I pull into the drive and sit as I did three nights ago, staring at an opening in the heavy drawdrapes as if I could will someone to be there. I give my horn an “accidental” toot. I’d be happy to see the opening widen, a door inched back behind the dusty metal screen, as it did the last time. A nice niece would do. I’d pay ten bucks to make small talk with a dark-skinned female in-law. She wouldn’t need divining powers. I’d still come away better.
But that is not to be. Cars beat the highway behind me, and no niece comes to signal. No door cracks. The future, at least my part in it, remains unassured, and I will need to take extra care of myself. I pull back out onto Route 1 toward home, just missing a big honking tractor-trailer headed south, and my jaw still throbbing from Vicki’s knuckle sandwich, now two hours old.

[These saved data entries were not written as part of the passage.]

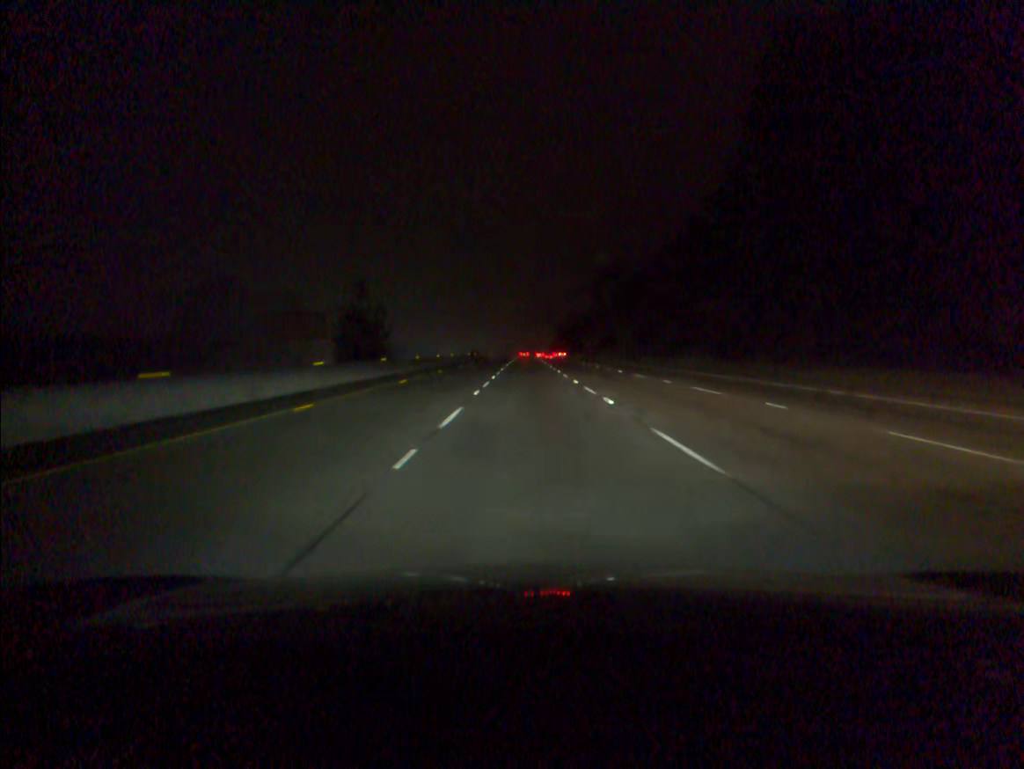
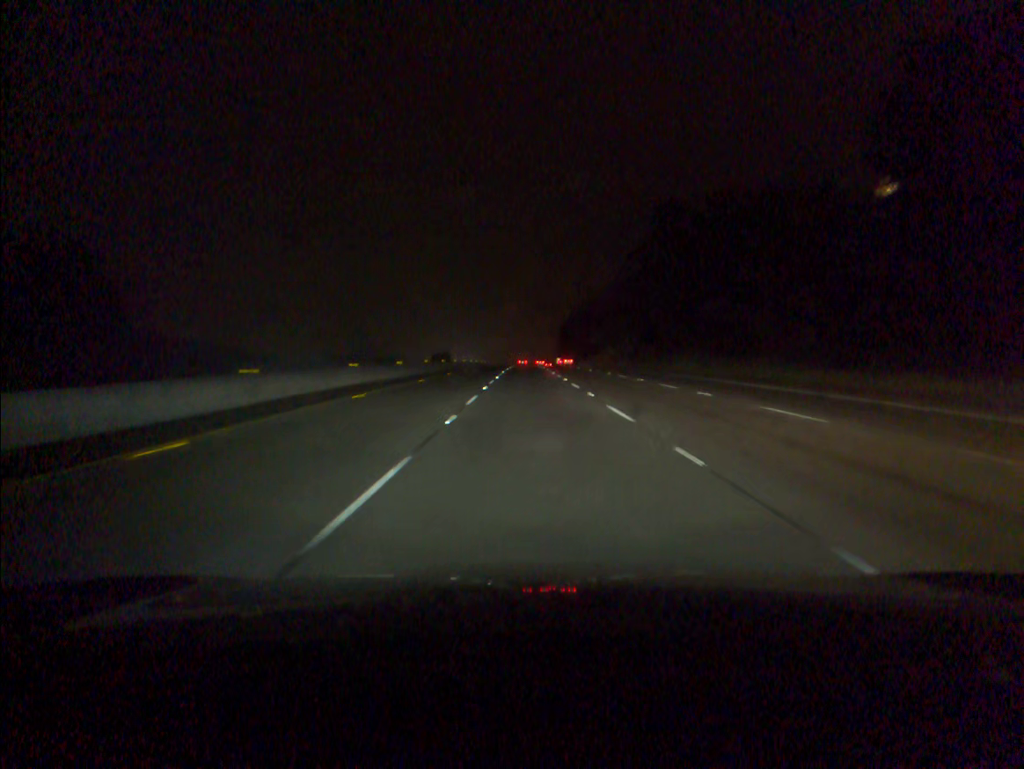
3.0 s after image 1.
(+0.1, +95.6) m; 0°
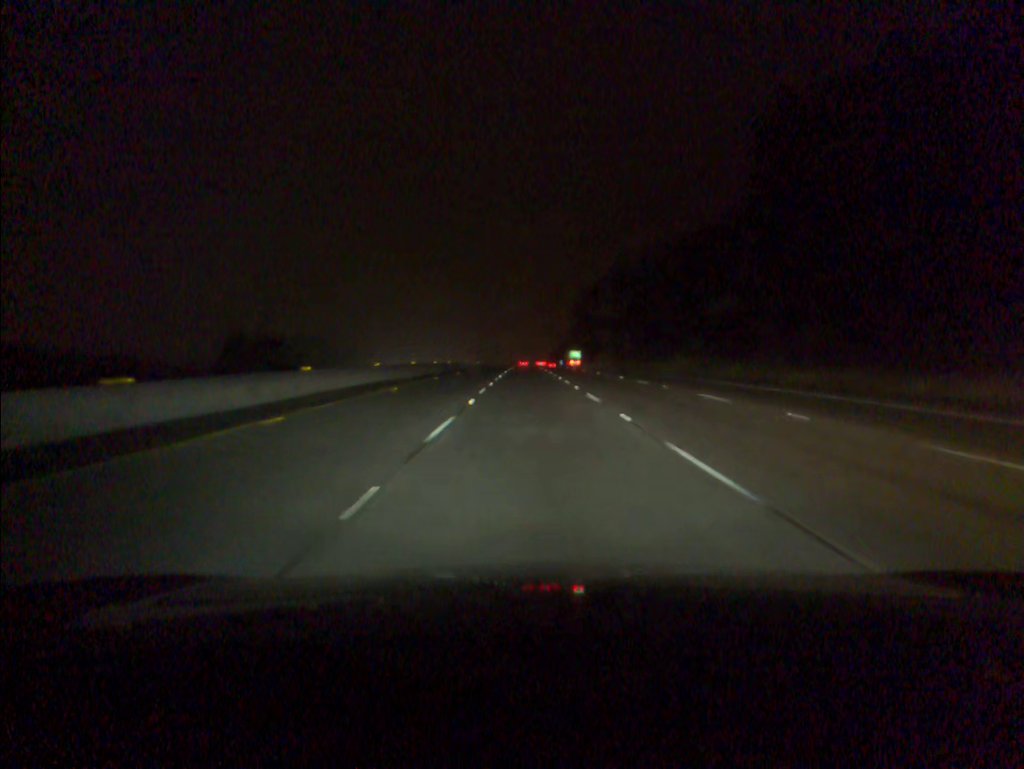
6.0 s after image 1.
(0.0, +95.9) m; 0°
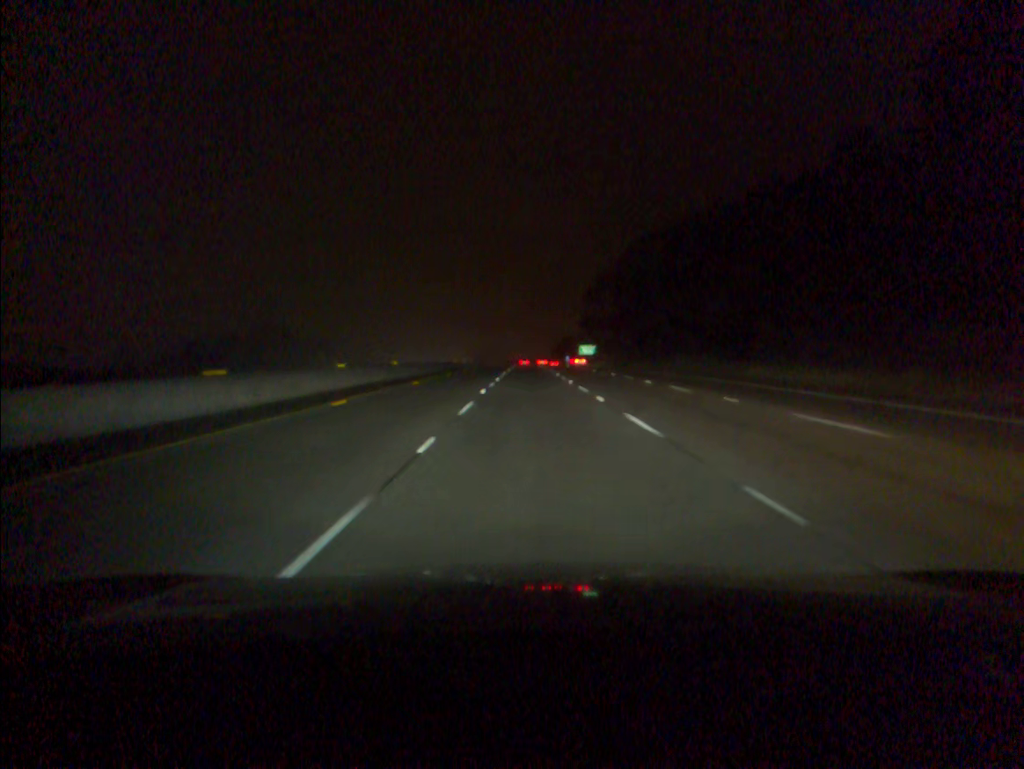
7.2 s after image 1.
(0.0, +38.7) m; 0°
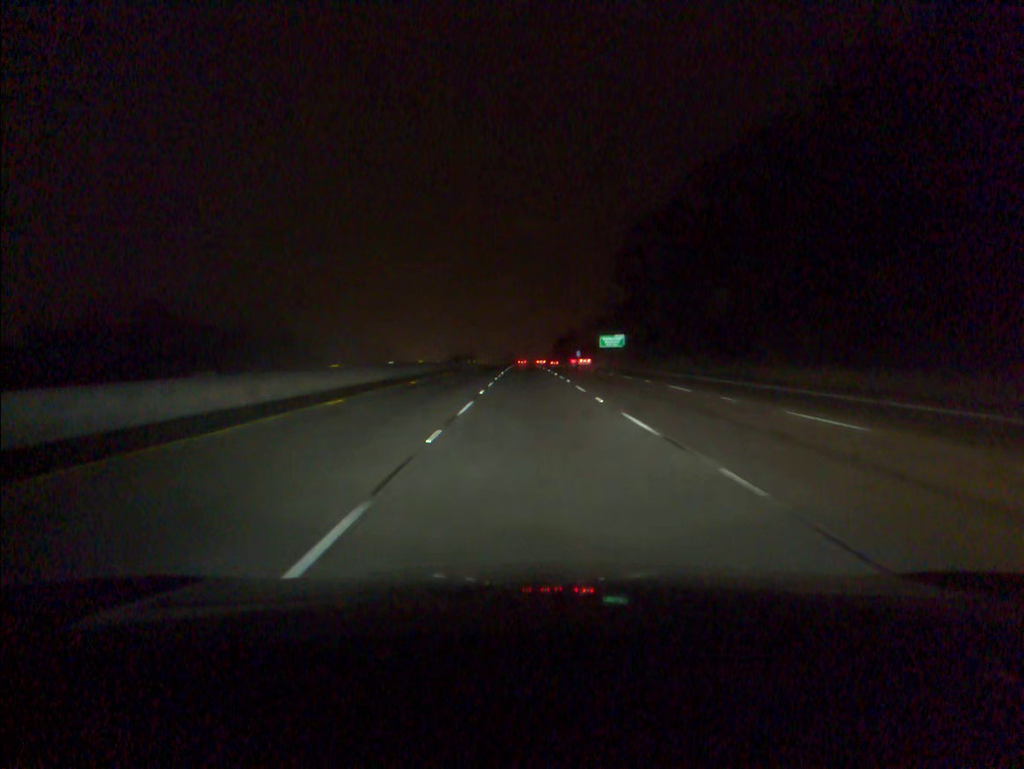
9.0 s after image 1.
(+0.1, +58.5) m; 0°
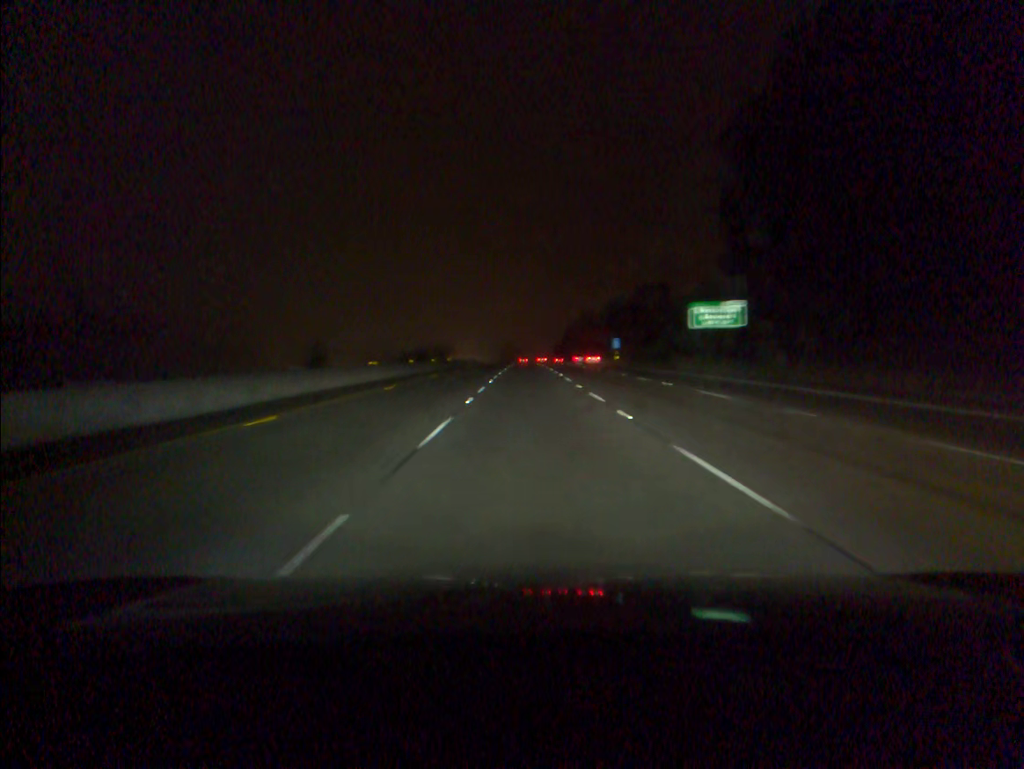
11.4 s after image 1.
(0.0, +79.1) m; 0°
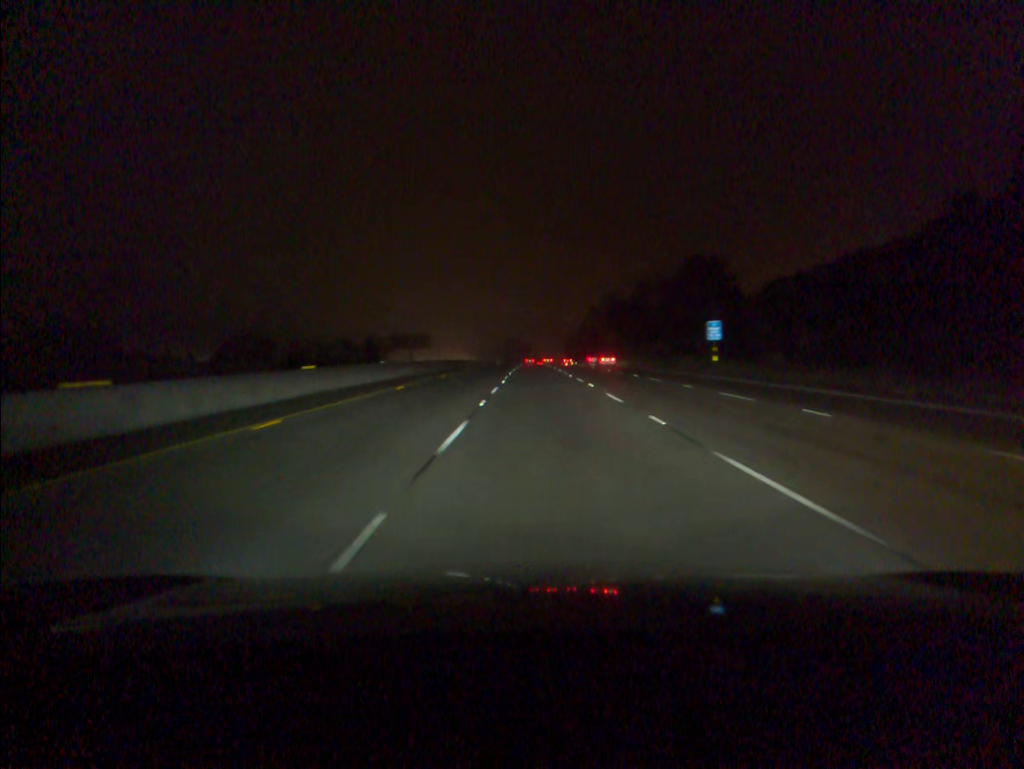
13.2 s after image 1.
(-0.3, +59.2) m; 0°

I take the front way into Haddam, curling up King George Road and Bank Street, along the north lawns of the Institute and through the Square. Though once in the village limits I am at a loss for what to do first, and am struck by an unfriendliness of the town, the smallish way it offers no clue for how to go about things — no priority established, no monumental structures to determine a true middle, no Main Street to organize things. And I see again it can be a sad town, a silent, nothing-happening, keep-to-yourself Sunday town — the library closed and green-shaded. Frenchy’s abandoned. The Coffee Spot empty (Sunday Times scattered from the breakfast crowd). The Institute lies remote and tree-shadowed, a remaining family from the morning services, standing on the Square with their son. It is unexpectedly a foreign place, as strange as Moline or Oslo, its usual informal welcomeness reefed in as if some terror was about, a crusty death’s smell, a different bouquet from the swimming pool odor I trust.

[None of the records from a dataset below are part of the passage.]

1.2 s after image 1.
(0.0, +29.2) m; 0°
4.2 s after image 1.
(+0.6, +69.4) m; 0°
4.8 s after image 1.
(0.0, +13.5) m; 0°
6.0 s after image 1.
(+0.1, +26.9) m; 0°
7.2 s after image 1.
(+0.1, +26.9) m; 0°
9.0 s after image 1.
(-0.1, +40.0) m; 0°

I park in my drive and go in to put on new clothes. Hoving Road is somnolent, as blue-shaded and leaden as a Bonnard. The Deffeyes’ sprinkler hisses, and up a few houses the Justice has set a badminton net onto his long lawn. An old Ford Woody sits in his drive. Somewhere near abouts I hear the sounds of light chatter-talk and glasses clinking in our cozy local backyard fashion — an Easter Egg hunt finished, the children asleep, the sound of a single swimmer diving in. But this is the day’s extent. A private stay-home with the family till past dark. Wreaths are off all doors. The world once more a place we know well.